# Has anyone ever heard of this movie?



## cam_ukemi (Jun 17, 2021)

Japanese Title: おまえうまそうだな (_Omae Umasoudana_)
English Titles: _You are Umasou_, _Heart and Yummie_







This is a Japanese children's movie that was released in the fall of 2010. I think it got a very limited subbed television release in the States, but apart from that, no official English localization. It's a beautiful film about adoption, family, and self-discovery wrapped up in a cute but surprisingly violent package! The animation, the background art, the music, the script, the voice acting...everything about this movie hits it out of the park for me, and it's a shame that so many people have been sleeping on it for so long.

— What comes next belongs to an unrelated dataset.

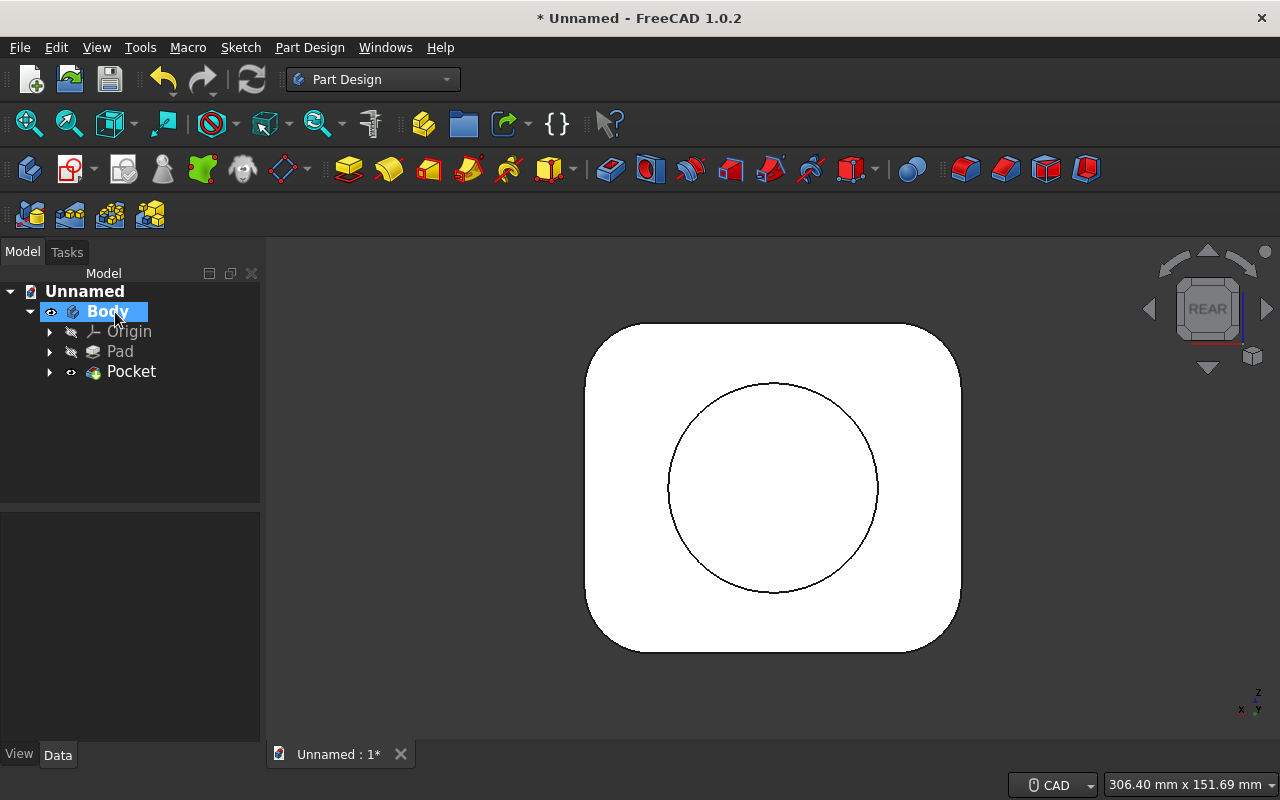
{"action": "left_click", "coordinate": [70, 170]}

I was hoping that I'd have some luck finding fellow fans of this movie in the furry community.


----------



## perkele (Jul 20, 2021)

I heard it mentioned in passing. I haven't seen it. It came up in my fan-subbing group, but didn't get picked up. People thought it was cute.


----------



## Findabayr (Aug 12, 2021)

Do you let your kids watching anime or Japanese cartoons?  I mean I see the difference between anime and kids cartoons, don't get me wrong. But I find them a bit too much. Too much animation, too aggressive. Idk., maybe it's just my opinion. I am an anime lover, but for my kids I prefer minimum hours of cartoons and only those meant for development. Where do you watch them? You've mentioned USA, so maybe you could share some cheap online streaming services where I could find more of these cartoons. The majority of websites I have found look doubtful. I am afraid of illegal streaming so I am searching for a reliable service.


----------



## Pogo (Aug 12, 2021)

I've seen this one. passed by it years ago. "3
apparently its based on a childrens book and It's totally cute.


----------



## JuniperW (Aug 16, 2021)

Yes, I’ve heard of it but haven’t watched it before. It looks super-cute though!


----------